DA: Lindy, did you know you can stream Netflix through the Wii? You probably wouldn't even miss cable. You could save $1,124 a year!

 

Me: DA, I know, but what about the kids? What will they watch? And will I have to navigate through lots of screens just to find something for them? Will that drive me crazy?

 

DA: The constant Nickelodeon already drives you crazy. When has less TV ever ruined a child?

 

Me: Sometimes I hate you, Devil's Advocate.

 

Another example: A-Rob has been contemplating buying Apple TV for $100 with his Christmas money. Apple TV is basically a box that makes it easier to stream iTunes from your computer to your television. Here's an excerpt of a conversation we had  a few nights ago:

 

A-Rob: If I had Apple TV, we could be listening to this music from the nice TV speakers right now, instead of these crappy laptop speakers.

 

Me (playing the role of DA): Don't you have a set of speakers to dock your phone to?

 

A-Rob: Yes, but it's in my car … and my back hurts.

 

Me: Can't you stream iTunes through the PlayStation?

 

A-Rob: Yes, but the connection is terrible. And it's my money. Leave me alone! (I may have added that last phrase to be more dramatic.)

 

So, with these three examples Devil's Advocate has offered to save us $1,324, most of which would be annually, if only we agreed to sell our souls. Well, maybe not our souls, but at least our conveniences.
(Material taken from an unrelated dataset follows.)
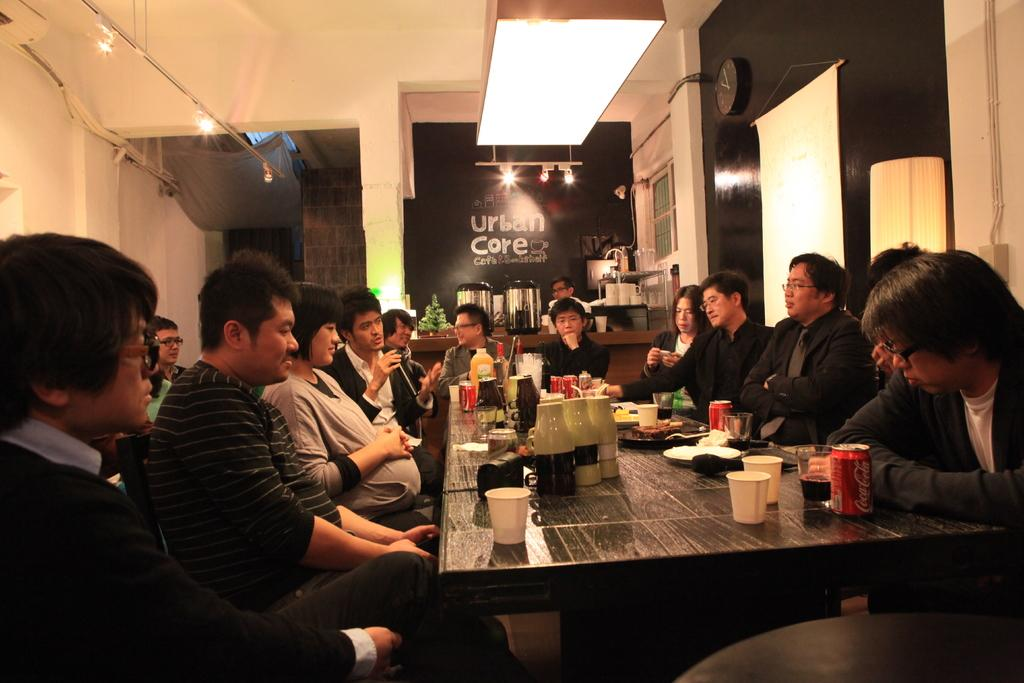<image>
Summarize the visual content of the image. A large group of people sit at a table at Urban Core. 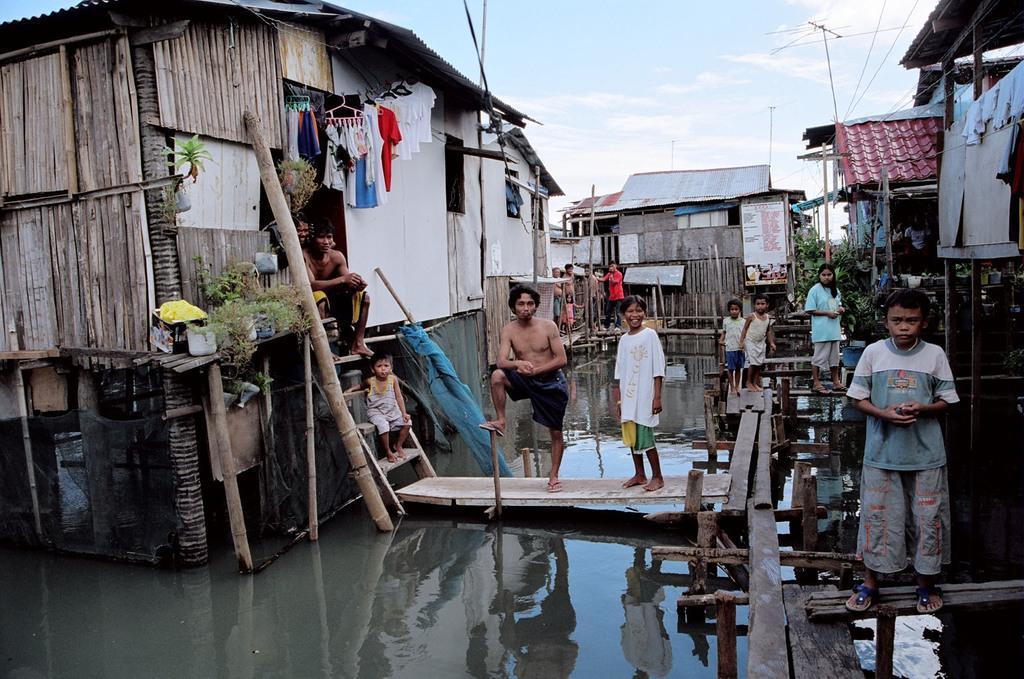Describe this image in one or two sentences. In this image I can see few houses and some people standing on the wooden bridge, under that there is some water.

Simple pleasures and conveniences in life can be expensive. But weighing the pros and cons is a good way to determine what's important to you. I don't buy a lot of new clothes. A-Rob can attest to this because at least once every morning I'm griping about having nothing to wear. Not buying clothes allows me to justify my satellite radio addiction.

 

As for cable, Devil's Advocate and I are still hashing that out. It is likely I will one day give in to DA and cancel the darn cable box. I just have to take the plunge. Actually, I have to wait until the final season of "Big Love" is over.

 

HBO -- they have my number.

 

Do you find yourself talking to DA too? If so, who's winning?